Avocazione: consiste nella eccezionale autoassunzione, da parte del Procuratore Generale presso la Corte di Appello, della funzione investigativa e di promovimento dell’azione penale. È istituto di carattere eccezionale che ha il fine di garantire l’obbligatorietà dell’azione penale nel
caso di eventuali ritardi od omissioni delle Procure presso il Tribunale, nell’ipotesi di obiettive
situazioni di inerzia del P.M. designato o del suo dirigente. L’avocazione è obbligatoria nell’ipotesi di inerzia per scadenza dei termini (art. 412) e inerzia nella sostituzione del P.M. (artt.
53 e 372); è facoltativa, in quanto implica valutazioni discrezionali, allorché il G.I.P. comunica al Procuratore Generale di non aver ritenuto allo stato di accogliere la richiesta di archiviazione (artt. 409, 412).

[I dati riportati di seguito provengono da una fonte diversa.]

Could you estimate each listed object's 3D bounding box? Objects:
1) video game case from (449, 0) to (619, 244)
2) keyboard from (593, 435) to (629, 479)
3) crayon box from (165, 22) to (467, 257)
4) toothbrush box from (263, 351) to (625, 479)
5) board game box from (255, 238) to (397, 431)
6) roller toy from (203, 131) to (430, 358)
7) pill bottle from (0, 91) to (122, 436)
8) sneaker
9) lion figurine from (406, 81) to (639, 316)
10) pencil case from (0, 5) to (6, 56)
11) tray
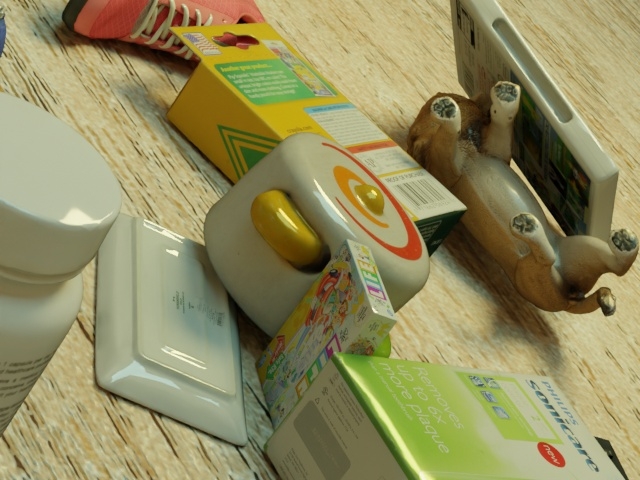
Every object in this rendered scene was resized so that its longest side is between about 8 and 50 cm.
[{"bbox_3d":[0.248,-0.140,2.166,0.300,0.036,0.329,57,-4,17],"label":"video game case"},{"bbox_3d":[0.313,0.300,1.752,0.201,0.033,0.317,21,30,-29],"label":"keyboard"},{"bbox_3d":[-0.020,-0.100,1.972,0.323,0.083,0.203,45,26,17],"label":"crayon box"},{"bbox_3d":[0.125,0.216,1.560,0.283,0.122,0.206,12,34,-43],"label":"toothbrush box"},{"bbox_3d":[0.003,0.088,1.589,0.026,0.154,0.103,21,28,-28],"label":"board game box"},{"bbox_3d":[0.000,0.000,1.710,0.209,0.146,0.191,37,22,-28],"label":"roller toy"},{"bbox_3d":[-0.252,0.051,1.186,0.160,0.283,0.160,28,26,-15],"label":"pill bottle"},{"bbox_3d":[-0.155,-0.255,2.039,0.136,0.116,0.314,45,26,16],"label":"sneaker"},{"bbox_3d":[0.213,-0.029,2.054,0.142,0.240,0.392,-21,63,-12],"label":"lion figurine"},{"bbox_3d":[-0.341,-0.127,1.569,0.119,0.133,0.306,57,16,-27],"label":"pencil case"},{"bbox_3d":[-0.126,0.064,1.619,0.145,0.030,0.270,26,27,-21],"label":"tray"}]
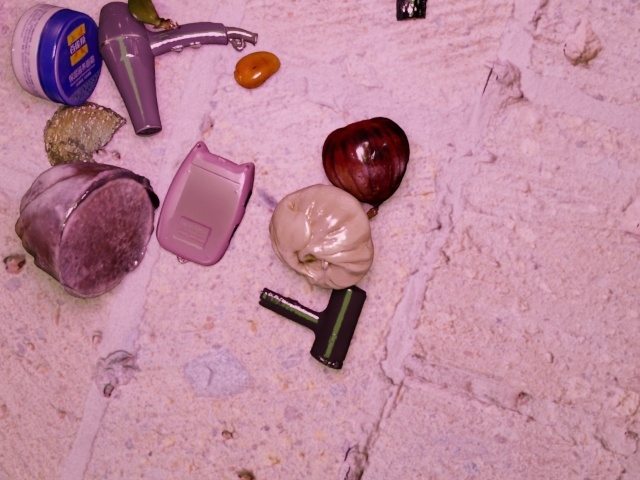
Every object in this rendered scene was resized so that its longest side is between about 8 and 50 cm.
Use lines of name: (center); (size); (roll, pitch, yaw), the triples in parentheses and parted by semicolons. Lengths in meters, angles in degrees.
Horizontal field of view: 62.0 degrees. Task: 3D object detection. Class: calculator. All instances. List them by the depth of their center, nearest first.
calculator: (-0.283, -0.079, 1.285); (0.194, 0.043, 0.294); (23, 94, -2)

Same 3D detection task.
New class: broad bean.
broad bean: (-0.358, -0.580, 1.206); (0.144, 0.049, 0.292); (5, 63, 4)

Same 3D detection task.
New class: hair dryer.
hair dryer: (-0.314, -0.423, 1.235); (0.361, 0.121, 0.301); (-16, 87, -7)
hair dryer: (-0.032, 0.174, 1.286); (0.251, 0.089, 0.197); (21, 94, 5)

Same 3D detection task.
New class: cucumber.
cucumber: (0.218, -0.626, 1.243); (0.078, 0.062, 0.211); (1, 93, -1)

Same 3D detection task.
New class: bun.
bun: (0.000, 0.000, 1.191); (0.259, 0.160, 0.259); (10, 121, 17)

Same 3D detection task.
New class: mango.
mango: (-0.150, -0.404, 1.257); (0.114, 0.060, 0.080); (-22, 79, 3)

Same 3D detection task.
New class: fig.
fig: (0.118, -0.150, 1.219); (0.203, 0.186, 0.250); (-22, 101, -17)

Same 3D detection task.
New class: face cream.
face cream: (-0.583, -0.411, 1.182); (0.111, 0.206, 0.206); (14, 93, 0)

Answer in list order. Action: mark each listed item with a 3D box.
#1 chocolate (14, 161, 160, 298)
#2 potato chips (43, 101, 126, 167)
chocolate: (-0.541, -0.046, 1.188); (0.213, 0.303, 0.303); (23, 93, 15)
potato chips: (-0.569, -0.225, 1.286); (0.202, 0.029, 0.220); (2, 91, 0)
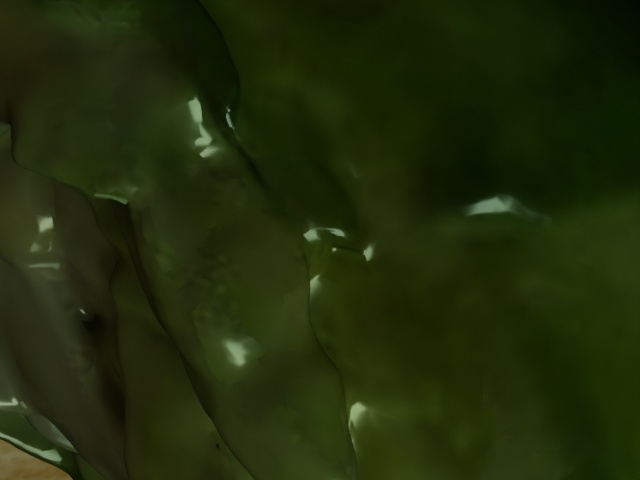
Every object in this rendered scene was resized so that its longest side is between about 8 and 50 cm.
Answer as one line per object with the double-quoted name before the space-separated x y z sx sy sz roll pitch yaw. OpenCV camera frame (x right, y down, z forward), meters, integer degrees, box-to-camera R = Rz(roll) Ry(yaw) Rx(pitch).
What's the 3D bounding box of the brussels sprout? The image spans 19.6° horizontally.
"brussels sprout" 0.000 0.000 0.660 0.276 0.371 0.315 -50 -173 50
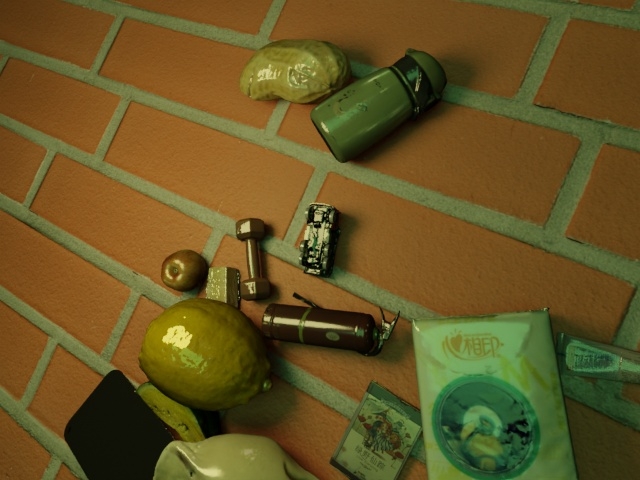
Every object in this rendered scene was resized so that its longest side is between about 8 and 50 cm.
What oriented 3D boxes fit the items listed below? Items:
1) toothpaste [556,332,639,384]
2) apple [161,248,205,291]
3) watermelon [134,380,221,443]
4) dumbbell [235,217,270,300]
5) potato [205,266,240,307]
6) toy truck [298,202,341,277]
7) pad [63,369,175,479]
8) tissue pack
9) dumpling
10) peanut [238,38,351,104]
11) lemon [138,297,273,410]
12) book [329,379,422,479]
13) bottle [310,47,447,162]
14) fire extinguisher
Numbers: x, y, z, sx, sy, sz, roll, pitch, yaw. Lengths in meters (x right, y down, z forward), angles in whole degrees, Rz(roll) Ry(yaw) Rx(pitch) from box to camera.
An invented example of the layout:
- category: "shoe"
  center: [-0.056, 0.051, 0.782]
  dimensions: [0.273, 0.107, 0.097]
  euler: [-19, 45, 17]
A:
- category: "toothpaste"
  center: [0.623, 0.257, 0.846]
  dimensions: [0.234, 0.057, 0.089]
  euler: [6, 80, 26]
- category: "apple"
  center: [-0.403, 0.086, 1.194]
  dimensions: [0.126, 0.102, 0.125]
  euler: [-3, 80, 17]
- category: "watermelon"
  center: [-0.371, 0.462, 1.100]
  dimensions: [0.301, 0.123, 0.129]
  euler: [35, 88, 15]
- category: "dumbbell"
  center: [-0.189, 0.051, 1.138]
  dimensions: [0.082, 0.092, 0.230]
  euler: [-4, 78, -11]
- category: "potato"
  center: [-0.281, 0.133, 1.167]
  dimensions: [0.086, 0.061, 0.122]
  euler: [-7, 77, 20]
- category: "toy truck"
  center: [0.000, 0.000, 1.083]
  dimensions: [0.083, 0.092, 0.191]
  euler: [9, 91, 21]
- category: "pad"
  center: [-0.549, 0.547, 1.184]
  dimensions: [0.376, 0.063, 0.314]
  euler: [31, 79, 32]
- category: "tissue pack"
  center: [0.356, 0.347, 0.857]
  dimensions: [0.288, 0.162, 0.387]
  euler: [-8, 78, 18]
- category: "dumpling"
  center: [-0.203, 0.616, 0.952]
  dimensions: [0.396, 0.233, 0.315]
  euler: [21, 100, -11]
- category: "peanut"
  center: [-0.076, -0.481, 1.167]
  dimensions: [0.340, 0.158, 0.174]
  euler: [16, 115, 25]
- category: "lemon"
  center: [-0.286, 0.284, 1.037]
  dimensions: [0.317, 0.285, 0.285]
  euler: [-6, 77, -4]
- category: "book"
  center: [0.137, 0.479, 0.979]
  dimensions: [0.158, 0.026, 0.231]
  euler: [27, 90, 21]
- category: "bottle"
  center: [0.155, -0.355, 1.059]
  dimensions: [0.347, 0.168, 0.168]
  euler: [-31, 72, 6]
- category: "fire extinguisher"
  center: [0.026, 0.207, 1.024]
  dimensions: [0.342, 0.105, 0.141]
  euler: [1, 82, 22]
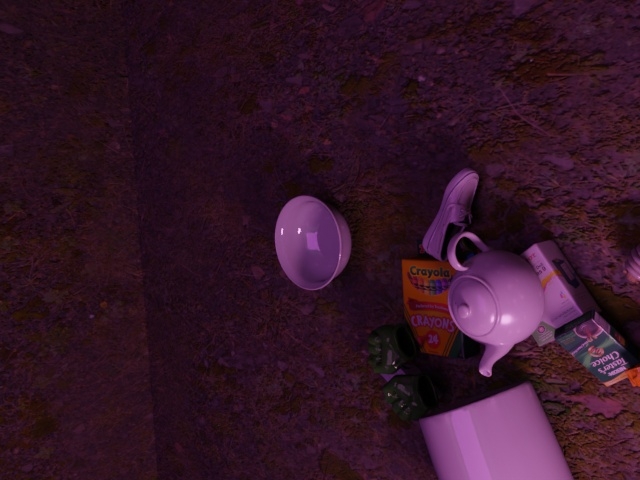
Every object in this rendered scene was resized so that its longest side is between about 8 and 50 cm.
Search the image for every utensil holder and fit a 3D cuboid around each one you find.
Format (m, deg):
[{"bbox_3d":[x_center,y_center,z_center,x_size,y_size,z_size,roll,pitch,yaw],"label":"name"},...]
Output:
[{"bbox_3d":[0.449,0.577,1.745,0.327,0.327,0.386,-32,73,43],"label":"utensil holder"}]

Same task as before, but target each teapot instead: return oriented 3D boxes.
[{"bbox_3d":[0.396,0.143,1.700,0.256,0.187,0.253,44,130,37],"label":"teapot"}]

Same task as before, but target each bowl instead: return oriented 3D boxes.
[{"bbox_3d":[0.000,0.000,2.233,0.298,0.134,0.298,9,103,43],"label":"bowl"}]

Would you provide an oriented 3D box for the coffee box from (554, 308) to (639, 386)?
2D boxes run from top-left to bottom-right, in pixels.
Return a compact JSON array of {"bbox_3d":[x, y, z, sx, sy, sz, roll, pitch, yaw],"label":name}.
[{"bbox_3d":[0.646,0.250,1.631,0.184,0.040,0.113,42,130,-10],"label":"coffee box"}]

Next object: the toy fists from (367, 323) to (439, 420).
[{"bbox_3d":[0.219,0.375,1.998,0.142,0.096,0.279,-32,79,47],"label":"toy fists"}]

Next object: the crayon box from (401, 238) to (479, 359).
[{"bbox_3d":[0.330,0.157,1.967,0.202,0.081,0.319,1,96,45],"label":"crayon box"}]

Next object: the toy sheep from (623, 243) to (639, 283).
[{"bbox_3d":[0.722,0.043,1.553,0.091,0.091,0.132,49,127,28],"label":"toy sheep"}]

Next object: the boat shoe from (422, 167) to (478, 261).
[{"bbox_3d":[0.364,-0.064,1.873,0.084,0.095,0.258,44,122,46],"label":"boat shoe"}]

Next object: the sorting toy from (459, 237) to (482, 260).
[{"bbox_3d":[0.399,0.027,1.868,0.042,0.102,0.061,-36,28,49],"label":"sorting toy"}]

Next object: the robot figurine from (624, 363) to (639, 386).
[{"bbox_3d":[0.813,0.287,1.485,0.291,0.085,0.211,-30,77,34],"label":"robot figurine"}]

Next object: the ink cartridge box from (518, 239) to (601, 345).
[{"bbox_3d":[0.553,0.127,1.732,0.154,0.093,0.212,-46,63,41],"label":"ink cartridge box"}]

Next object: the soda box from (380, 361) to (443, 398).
[{"bbox_3d":[0.255,0.411,2.090,0.216,0.069,0.074,46,125,31],"label":"soda box"}]
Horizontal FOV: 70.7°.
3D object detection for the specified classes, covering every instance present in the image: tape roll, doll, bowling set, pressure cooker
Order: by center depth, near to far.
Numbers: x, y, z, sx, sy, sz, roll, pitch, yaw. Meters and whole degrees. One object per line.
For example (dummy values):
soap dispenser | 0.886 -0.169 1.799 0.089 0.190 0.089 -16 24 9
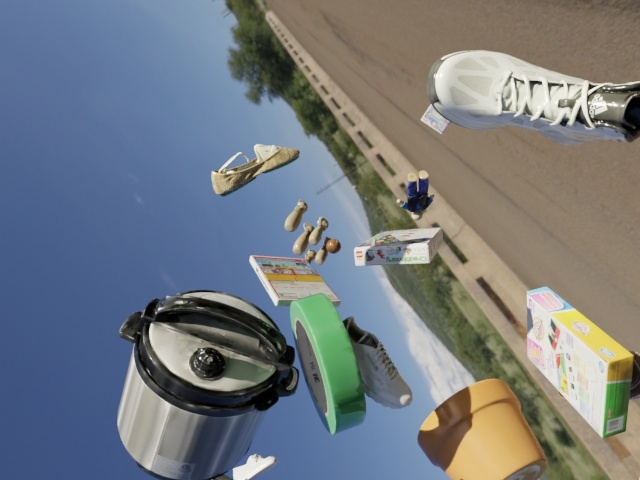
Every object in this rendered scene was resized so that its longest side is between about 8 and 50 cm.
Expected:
tape roll | 0.010 0.290 1.084 0.321 0.077 0.321 165 90 -75
pressure cooker | -0.277 0.329 1.112 0.370 0.420 0.375 -5 -142 -42
doll | 0.319 -0.142 1.505 0.046 0.129 0.189 -102 -1 -45
bowling set | 0.000 0.000 1.690 0.154 0.200 0.287 -61 -30 -44

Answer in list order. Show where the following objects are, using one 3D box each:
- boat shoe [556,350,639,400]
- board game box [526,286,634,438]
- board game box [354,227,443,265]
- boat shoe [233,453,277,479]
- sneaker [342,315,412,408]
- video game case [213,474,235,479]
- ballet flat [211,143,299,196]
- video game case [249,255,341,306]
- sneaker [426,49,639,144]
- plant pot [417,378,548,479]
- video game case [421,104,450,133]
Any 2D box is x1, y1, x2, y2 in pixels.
boat shoe | 0.776 0.396 1.250 0.324 0.116 0.123 96 164 -57
board game box | 0.656 0.302 1.175 0.316 0.064 0.242 -112 8 -64
board game box | 0.232 0.013 1.274 0.305 0.193 0.053 -24 -71 -66
boat shoe | -0.212 0.719 1.438 0.066 0.184 0.063 13 -136 -47
sneaker | 0.121 0.278 1.022 0.235 0.095 0.090 41 -149 13
video game case | -0.272 0.756 1.303 0.119 0.015 0.166 37 -169 -15
ballet flat | -0.143 -0.167 0.975 0.073 0.206 0.067 35 153 62
video game case | -0.085 0.122 1.388 0.204 0.025 0.285 5 -159 -27
sneaker | 0.454 -0.293 0.886 0.257 0.447 0.169 -137 56 -75
plant pot | 0.424 0.529 1.149 0.291 0.291 0.203 49 -176 -42
video game case | 0.401 -0.426 1.489 0.087 0.122 0.011 36 -147 5
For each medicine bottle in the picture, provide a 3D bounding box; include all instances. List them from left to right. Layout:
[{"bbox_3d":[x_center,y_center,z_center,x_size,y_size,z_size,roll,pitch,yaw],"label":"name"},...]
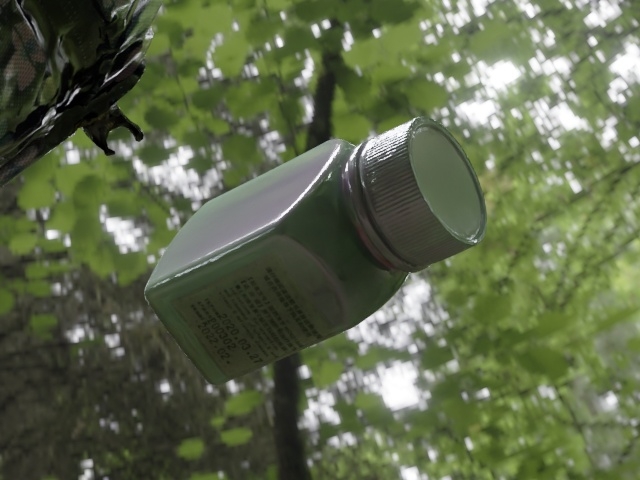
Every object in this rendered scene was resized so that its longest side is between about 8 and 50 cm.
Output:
[{"bbox_3d":[0.000,0.000,0.582,0.118,0.074,0.055,-26,-73,29],"label":"medicine bottle"}]

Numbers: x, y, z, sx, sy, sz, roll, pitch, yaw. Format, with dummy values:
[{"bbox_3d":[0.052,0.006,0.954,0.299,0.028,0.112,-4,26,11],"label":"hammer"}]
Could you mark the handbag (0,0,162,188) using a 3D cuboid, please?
[{"bbox_3d":[-0.126,-0.053,0.341,0.207,0.127,0.228,-53,-16,-15],"label":"handbag"}]
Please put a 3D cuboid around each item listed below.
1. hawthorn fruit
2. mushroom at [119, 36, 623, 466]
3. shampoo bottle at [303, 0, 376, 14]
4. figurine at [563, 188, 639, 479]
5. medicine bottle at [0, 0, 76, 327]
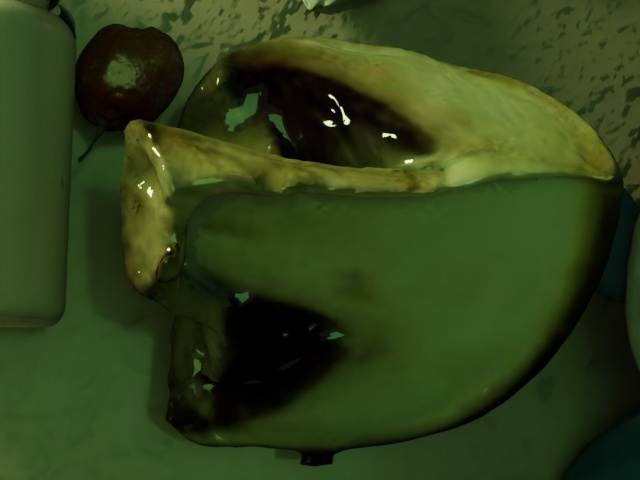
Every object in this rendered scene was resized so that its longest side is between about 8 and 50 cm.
[{"bbox_3d":[-0.125,-0.086,0.929,0.067,0.067,0.103,20,65,-11],"label":"hawthorn fruit"},{"bbox_3d":[0.004,0.006,0.935,0.292,0.212,0.217,-8,131,-25],"label":"mushroom"},{"bbox_3d":[-0.002,-0.258,0.988,0.072,0.049,0.212,-15,89,-19],"label":"shampoo bottle"},{"bbox_3d":[0.304,0.041,0.972,0.298,0.243,0.416,-20,110,-24],"label":"figurine"},{"bbox_3d":[-0.214,-0.078,0.872,0.143,0.143,0.258,3,85,-13],"label":"medicine bottle"}]
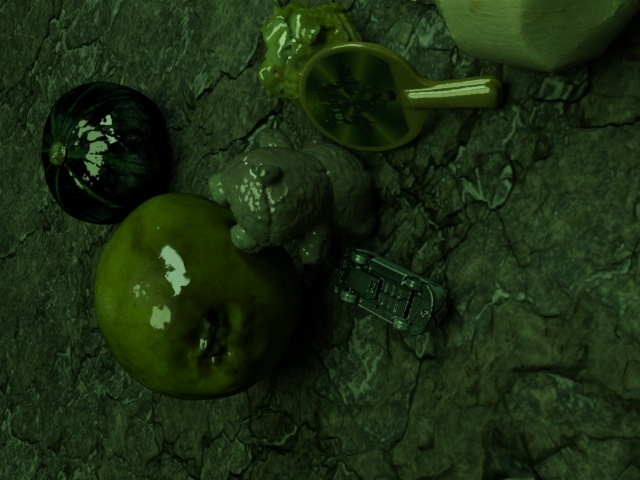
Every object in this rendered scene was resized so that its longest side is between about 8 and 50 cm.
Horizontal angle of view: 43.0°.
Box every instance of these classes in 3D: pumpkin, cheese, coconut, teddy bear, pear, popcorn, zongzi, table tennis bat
[{"bbox_3d":[-0.468,-0.185,1.722,0.315,0.238,0.315,-3,85,38],"label":"pumpkin"},{"bbox_3d":[-0.079,-0.421,1.508,0.060,0.041,0.084,37,127,47],"label":"cheese"},{"bbox_3d":[0.285,-0.332,1.022,0.266,0.237,0.237,15,96,41],"label":"coconut"},{"bbox_3d":[-0.036,-0.076,1.281,0.151,0.267,0.236,-33,77,38],"label":"teddy bear"},{"bbox_3d":[-0.208,0.095,1.363,0.352,0.352,0.413,-61,19,21],"label":"pear"},{"bbox_3d":[-0.014,-0.305,1.350,0.187,0.167,0.185,38,117,43],"label":"popcorn"},{"bbox_3d":[0.000,0.000,1.399,0.073,0.067,0.083,-9,62,54],"label":"zongzi"},{"bbox_3d":[0.117,-0.220,1.233,0.321,0.198,0.050,2,45,24],"label":"table tennis bat"}]

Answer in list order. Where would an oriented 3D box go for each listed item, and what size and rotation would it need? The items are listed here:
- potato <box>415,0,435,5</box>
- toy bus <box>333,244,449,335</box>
[{"bbox_3d":[0.157,-0.440,1.277,0.172,0.089,0.100,49,147,-1],"label":"potato"},{"bbox_3d":[0.114,0.077,1.247,0.194,0.089,0.087,25,105,42],"label":"toy bus"}]
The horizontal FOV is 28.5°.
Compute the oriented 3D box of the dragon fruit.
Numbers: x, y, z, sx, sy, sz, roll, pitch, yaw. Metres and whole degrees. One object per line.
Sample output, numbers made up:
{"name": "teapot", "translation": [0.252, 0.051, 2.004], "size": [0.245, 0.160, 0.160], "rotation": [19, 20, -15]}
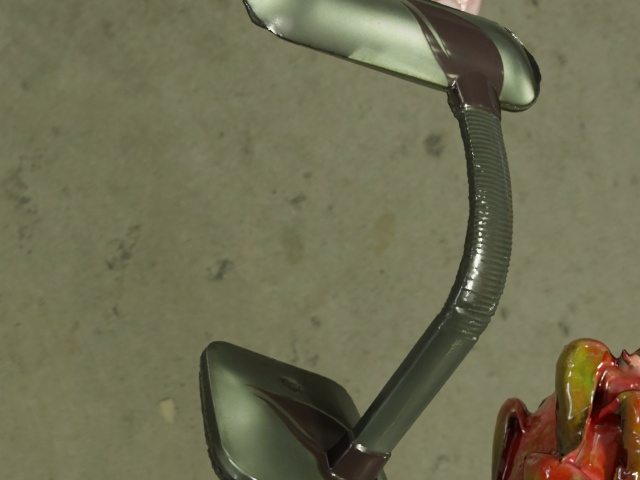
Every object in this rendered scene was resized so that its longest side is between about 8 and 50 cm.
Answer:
{"name": "dragon fruit", "translation": [0.252, 0.184, 0.985], "size": [0.228, 0.307, 0.243], "rotation": [21, 36, -17]}

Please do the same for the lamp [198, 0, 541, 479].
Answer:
{"name": "lamp", "translation": [0.003, 0.001, 0.669], "size": [0.203, 0.124, 0.283], "rotation": [20, 104, -28]}

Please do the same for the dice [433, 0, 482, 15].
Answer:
{"name": "dice", "translation": [0.053, -0.183, 0.854], "size": [0.094, 0.091, 0.093], "rotation": [-3, 108, -18]}
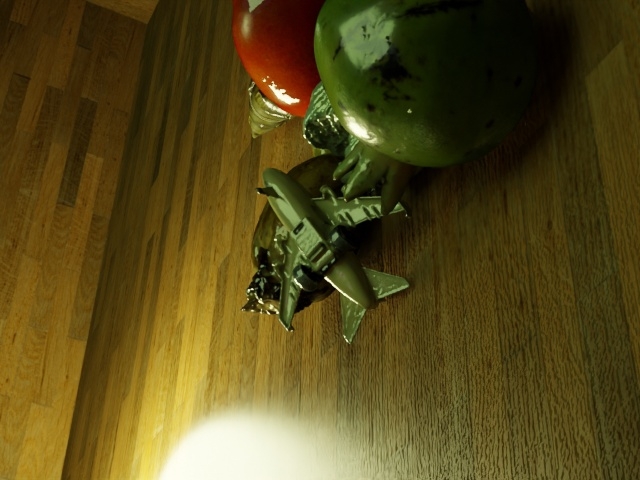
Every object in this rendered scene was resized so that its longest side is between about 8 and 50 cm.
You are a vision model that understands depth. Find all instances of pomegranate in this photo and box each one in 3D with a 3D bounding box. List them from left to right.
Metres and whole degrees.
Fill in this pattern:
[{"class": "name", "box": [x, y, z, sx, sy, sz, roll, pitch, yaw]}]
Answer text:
[{"class": "pomegranate", "box": [0.108, -0.183, 1.267, 0.260, 0.260, 0.340, -103, 31, -56]}]

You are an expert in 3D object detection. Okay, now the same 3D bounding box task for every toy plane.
[{"class": "toy plane", "box": [0.000, 0.000, 1.438, 0.242, 0.256, 0.104, -47, -13, 23]}]

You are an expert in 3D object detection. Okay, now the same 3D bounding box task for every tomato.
[{"class": "tomato", "box": [-0.005, -0.345, 1.724, 0.226, 0.298, 0.298, 1, 69, 27]}]

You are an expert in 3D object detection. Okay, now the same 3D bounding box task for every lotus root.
[{"class": "lotus root", "box": [-0.010, -0.022, 1.589, 0.169, 0.141, 0.314, -16, 49, 62]}]

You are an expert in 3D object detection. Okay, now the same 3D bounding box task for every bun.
[{"class": "bun", "box": [0.080, -0.155, 1.483, 0.204, 0.126, 0.212, -26, 51, 30]}]

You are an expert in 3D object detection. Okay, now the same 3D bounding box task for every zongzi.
[{"class": "zongzi", "box": [-0.070, -0.331, 2.088, 0.241, 0.111, 0.247, 155, 136, -72]}]

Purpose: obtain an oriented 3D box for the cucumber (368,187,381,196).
[{"class": "cucumber", "box": [0.082, -0.111, 1.577, 0.135, 0.034, 0.033, -92, 23, -46]}]

Una nuova ipotesi di avocazione è stata introdotta dall’art. 371bis, in seguito alla istituzione
delle Procure distrettuali e di quella nazionale antimafia.
Delegazione: si configura quando un ufficio del P.M. trasferisce il potere di esercitare determinate funzioni che gli appartengono, ad un altro ufficio del P.M. per il compimento di determinate attività.